I let the peacock feather breeze waft over me. It was hot here with the bare hills around us — that sun was fierce — and the breeze felt great.
‘Mmm,’ said Phredde. ‘This is a zillion times better than school!’
The litter wended (I used that word in my last essay and Mrs Olsen said it was really descriptive) its way through the crowd and down the gully, then between some cliffs, all high and rocky like some great beast had chewed them. And suddenly we were in open country.

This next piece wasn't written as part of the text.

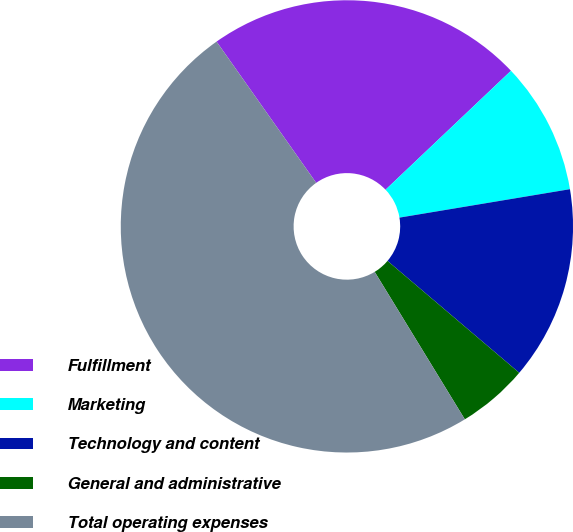Convert chart to OTSL. <chart><loc_0><loc_0><loc_500><loc_500><pie_chart><fcel>Fulfillment<fcel>Marketing<fcel>Technology and content<fcel>General and administrative<fcel>Total operating expenses<nl><fcel>22.7%<fcel>9.45%<fcel>13.84%<fcel>5.06%<fcel>48.96%<nl></chart> 
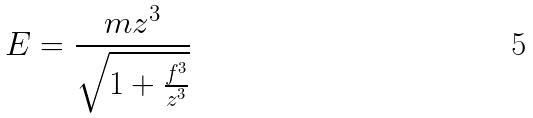Convert formula to latex. <formula><loc_0><loc_0><loc_500><loc_500>E = \frac { m z ^ { 3 } } { \sqrt { 1 + \frac { f ^ { 3 } } { z ^ { 3 } } } }</formula>

It didn’t look like much, to be honest. I’d thought Ancient Egypt would look, you know, exciting looking. Just more red dirt and a few straggly dull green bushes, all twigs and thorns and hardly any leaves, and distant red hills on either side, and in front of us a green smudge that might be grass or trees (or even green carpet).
The crowd trudged after us, with old Sennufer leading them, and everyone walked and walked and it got hotter and hotter still, even with the fanners fanning so fast that I thought the peacock feathers would fall to bits, but they didn’t, and I could see the sweat rolling down the bearers’ muscles. I mean if I was hot, they must be burning up! And no one in the crowd was wearing a hat and I bet they hadn’t put on any sunblock either. (Mum would spiflicate me if I went without a hat and sunblock in that sort of heat.)
‘Stop!’ I yelled.
The bearers stopped. The fanners stopped. Old Sennufer stopped. The crowd behind us stopped too, then they all bowed down again.
Old Sennufer raced up to me. ‘You wish something, oh Gracious One?’
I liked that. I wondered if I could get my brother Mark to call me ‘Oh Gracious One’. Somehow I doubted it.
‘Yeah,’ I said. ‘It’s HOT! Phredde, could you PING! up a lemonade for everyone? And a hat each too!’ I shook my head. ‘It’s almost like none of you have even heard of skin cancer!’
‘What’s skin cancer, oh, Wondrous Pru?’ queried Sennufer.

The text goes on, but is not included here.